The following example simplifies the process of adding a function called 'is_weekend'depending on whether the date column in the existing data frame contains a date associated with Saturday or Sunday:
from functools import wraps
def add_weekend_feature(func):
@wraps(func)
def wrapper(df, *args, **kwargs):
df = df.copy() # Prevents Pandas mutation warnings
df['is_weekend'] = df['date'].dt.dayofweek.isin([5, 6]).astype(int)
return func(df, *args, **kwargs)
return wrapper
# Application
@add_weekend_feature
def process_data(df):
# 'is_weekend' is guaranteed to exist here
return df.dropna()
# 4. Deterministic seed sower
This one is distinguished by two specific stages of the AI/ML lifecycle: experimentation and hyperparameter tuning. These processes typically involve the utilize of a random source while tuning key hyperparameters such as the model’s learning rate. Let’s say you just adjusted its value and suddenly the model accuracy drops. In such a situation, you may need to check whether the cause of the performance drop is a modern hyperparameter setting or simply a bad random initialization of the weights. By blocking the seed, we isolate variables, making the results of tests such as A/B more reliable.
import random, numpy as np
from functools import wraps
def lock_seed(seed=42):
def decorator(func):
@wraps(func)
def wrapper(*args, **kwargs):
random.seed(seed)
np.random.seed(seed)
return func(*args, **kwargs)
return wrapper
return decorator
# Application
@lock_seed(42)
def initialize_weights():
return np.random.randn(10, 10)
# 5. Back in developer mode
A life-saving decorator, especially in local development environments and CI/CD tests. Let’s say you’re building an application layer on top of LLM – for example, an augmented search generation (RAG) system. If a decorated function fails due to external factors, such as a connection timeout or API usage limits, instead of throwing an exception, the decorator catches the error and returns a predefined set of “sample test data”.

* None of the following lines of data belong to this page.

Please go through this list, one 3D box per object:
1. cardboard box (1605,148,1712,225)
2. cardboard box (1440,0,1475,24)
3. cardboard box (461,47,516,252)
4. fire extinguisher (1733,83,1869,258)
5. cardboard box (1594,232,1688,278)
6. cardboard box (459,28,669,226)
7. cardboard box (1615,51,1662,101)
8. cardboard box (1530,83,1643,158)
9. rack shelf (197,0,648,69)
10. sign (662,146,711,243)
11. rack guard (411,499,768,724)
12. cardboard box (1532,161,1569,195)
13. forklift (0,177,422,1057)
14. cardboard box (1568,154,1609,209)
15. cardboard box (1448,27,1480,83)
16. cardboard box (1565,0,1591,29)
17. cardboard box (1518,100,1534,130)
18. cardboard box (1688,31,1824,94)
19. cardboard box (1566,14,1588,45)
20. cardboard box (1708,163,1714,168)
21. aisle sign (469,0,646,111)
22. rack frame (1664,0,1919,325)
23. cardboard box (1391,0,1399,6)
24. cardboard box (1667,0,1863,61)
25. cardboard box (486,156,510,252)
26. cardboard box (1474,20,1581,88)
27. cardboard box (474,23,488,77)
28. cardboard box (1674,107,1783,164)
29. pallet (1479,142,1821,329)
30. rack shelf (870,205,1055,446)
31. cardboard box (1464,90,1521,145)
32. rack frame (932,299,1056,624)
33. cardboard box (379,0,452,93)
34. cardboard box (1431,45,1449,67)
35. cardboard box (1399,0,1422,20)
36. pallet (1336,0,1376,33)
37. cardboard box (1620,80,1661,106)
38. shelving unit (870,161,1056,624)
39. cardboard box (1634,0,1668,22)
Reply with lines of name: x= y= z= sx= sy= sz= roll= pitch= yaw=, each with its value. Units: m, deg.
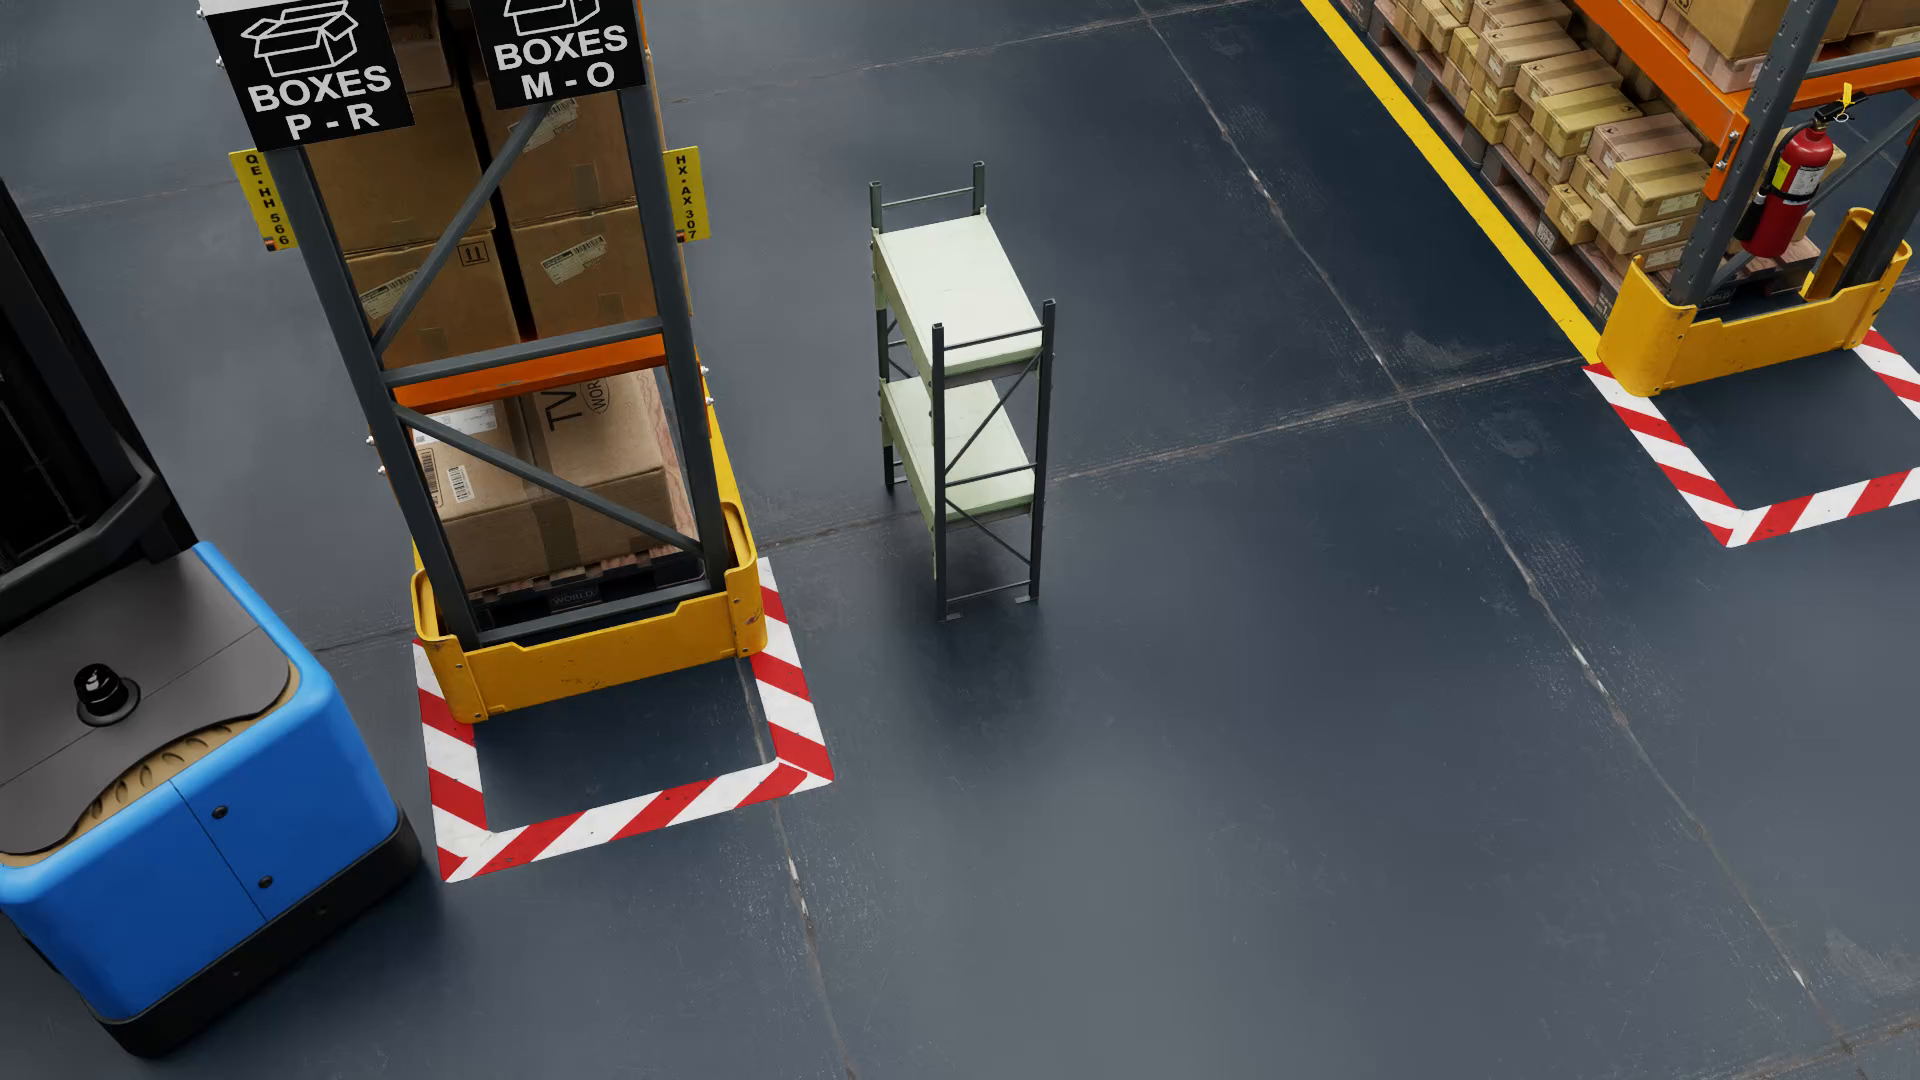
cardboard box: x=2.981 y=-1.498 z=7.041 sx=0.380 sy=0.149 sz=0.250 roll=-13 pitch=51 yaw=-11
cardboard box: x=2.539 y=-2.644 z=8.008 sx=0.380 sy=0.149 sz=0.250 roll=-13 pitch=51 yaw=-11
cardboard box: x=-1.363 y=-1.378 z=5.674 sx=0.500 sy=0.500 sz=0.500 roll=-14 pitch=51 yaw=-11
fire extinguisher: x=3.014 y=-1.327 z=5.991 sx=0.296 sy=0.674 sz=0.183 roll=-13 pitch=51 yaw=-11
cardboard box: x=3.025 y=-1.314 z=7.275 sx=0.380 sy=0.149 sz=0.250 roll=-13 pitch=51 yaw=-10
cardboard box: x=-1.189 y=-1.336 z=4.985 sx=0.500 sy=0.500 sz=0.500 roll=-14 pitch=51 yaw=-12
cardboard box: x=3.249 y=-2.177 z=7.614 sx=0.380 sy=0.149 sz=0.250 roll=-16 pitch=52 yaw=-13
cardboard box: x=2.764 y=-1.855 z=7.342 sx=0.380 sy=0.149 sz=0.250 roll=-14 pitch=51 yaw=-12
rack shelf: x=-1.910 y=-2.763 z=5.415 sx=1.077 sy=0.370 sz=4.000 roll=-13 pitch=51 yaw=-11
sign: x=-0.787 y=-0.993 z=4.797 sx=0.100 sy=0.325 sz=0.005 roll=-13 pitch=51 yaw=-11
rack guard: x=-1.312 y=0.256 z=5.997 sx=1.175 sy=0.500 sz=0.348 roll=-13 pitch=51 yaw=-11
cardboard box: x=2.856 y=-1.691 z=7.593 sx=0.380 sy=0.149 sz=0.250 roll=-14 pitch=51 yaw=-11
forklift: x=-3.189 y=-0.383 z=4.946 sx=1.130 sy=2.935 sz=3.031 roll=-37 pitch=59 yaw=-27
cardboard box: x=2.925 y=-1.596 z=7.319 sx=0.380 sy=0.149 sz=0.250 roll=-14 pitch=51 yaw=-12
cardboard box: x=2.572 y=-2.339 z=7.945 sx=0.380 sy=0.149 sz=0.250 roll=-11 pitch=51 yaw=-9
cardboard box: x=3.141 y=-2.584 z=7.957 sx=0.380 sy=0.149 sz=0.250 roll=-13 pitch=51 yaw=-10
cardboard box: x=2.815 y=-1.992 z=7.652 sx=0.380 sy=0.149 sz=0.250 roll=-14 pitch=51 yaw=-11
cardboard box: x=3.014 y=-1.853 z=6.304 sx=0.380 sy=0.149 sz=0.250 roll=-13 pitch=51 yaw=-11
cardboard box: x=3.025 y=-2.458 z=8.045 sx=0.380 sy=0.149 sz=0.250 roll=-11 pitch=51 yaw=-9
cardboard box: x=3.443 y=-1.726 z=7.428 sx=0.380 sy=0.149 sz=0.250 roll=-14 pitch=51 yaw=-11
aisle sign: x=-1.020 y=-1.418 z=4.073 sx=0.394 sy=0.787 sz=0.004 roll=-13 pitch=51 yaw=-11
rack frame: x=3.380 y=-1.760 z=6.062 sx=1.000 sy=3.000 sz=0.127 roll=-13 pitch=51 yaw=-11
cardboard box: x=2.435 y=-2.833 z=8.556 sx=0.380 sy=0.149 sz=0.250 roll=-15 pitch=52 yaw=-13
cardboard box: x=3.001 y=-2.158 z=6.137 sx=0.500 sy=0.500 sz=0.500 roll=-12 pitch=51 yaw=-10
cardboard box: x=-1.848 y=-1.262 z=5.576 sx=0.500 sy=0.500 sz=0.500 roll=-14 pitch=51 yaw=-12
cardboard box: x=2.615 y=-2.242 z=7.668 sx=0.380 sy=0.149 sz=0.250 roll=-12 pitch=51 yaw=-10
cardboard box: x=-1.159 y=-1.452 z=4.659 sx=0.380 sy=0.149 sz=0.250 roll=-12 pitch=51 yaw=-10
cardboard box: x=3.353 y=-1.802 z=7.298 sx=0.380 sy=0.149 sz=0.250 roll=-12 pitch=51 yaw=-10
pallet: x=3.151 y=-1.518 z=7.681 sx=1.003 sy=0.211 sz=1.213 roll=-13 pitch=51 yaw=-11
rack shelf: x=-0.002 y=-0.740 z=5.672 sx=0.431 sy=0.370 sz=0.720 roll=-13 pitch=51 yaw=-11
cardboard box: x=2.636 y=-2.041 z=7.888 sx=0.380 sy=0.149 sz=0.250 roll=-15 pitch=52 yaw=-13
rack frame: x=0.106 y=-0.221 z=5.745 sx=0.400 sy=1.500 sz=0.023 roll=-13 pitch=51 yaw=-11
cardboard box: x=-1.616 y=-1.347 z=4.570 sx=0.380 sy=0.149 sz=0.250 roll=-13 pitch=51 yaw=-10
cardboard box: x=2.571 y=-2.446 z=8.230 sx=0.380 sy=0.149 sz=0.250 roll=-12 pitch=51 yaw=-10
cardboard box: x=2.416 y=-2.720 z=8.266 sx=0.380 sy=0.149 sz=0.250 roll=-14 pitch=51 yaw=-11
pallet: x=2.429 y=-3.300 z=9.184 sx=1.003 sy=0.211 sz=1.213 roll=-13 pitch=51 yaw=-11
cardboard box: x=3.314 y=-2.097 z=7.741 sx=0.380 sy=0.149 sz=0.250 roll=-12 pitch=51 yaw=-10
shelving unit: x=-0.002 y=-0.488 z=5.970 sx=0.431 sy=1.500 sz=0.755 roll=-13 pitch=51 yaw=-11
cardboard box: x=2.887 y=-2.223 z=6.616 sx=0.380 sy=0.149 sz=0.250 roll=-14 pitch=51 yaw=-11

Why a lifeguard? Because this mechanism can ensure that the application does not stop completely if the external service goes down temporarily.
from functools import wraps
def fallback_mock(mock_data):
def decorator(func):
@wraps(func)
def wrapper(*args, **kwargs):
try:
return func(*args, **kwargs)
except Exception: # Catches timeouts and rate limits
return mock_data
return wrapper
return decorator
# Application
@fallback_mock(mock_data=[0.01, -0.05, 0.02])
def get_text_embeddings(text):
return external_api.embed(text)
# Summary
This article examines five effective Python decorators that will lend a hand make AI and ML code cleaner in a variety of specific situations: from structured, searchable logging to controlled random initialization in aspects such as data sampling, testing, and more.
Ivan Palomares Carrascosa is a thought leader, writer, speaker and advisor in the fields of Artificial Intelligence, Machine Learning, Deep Learning and LLM. Trains and advises others on the utilize of artificial intelligence in the real world.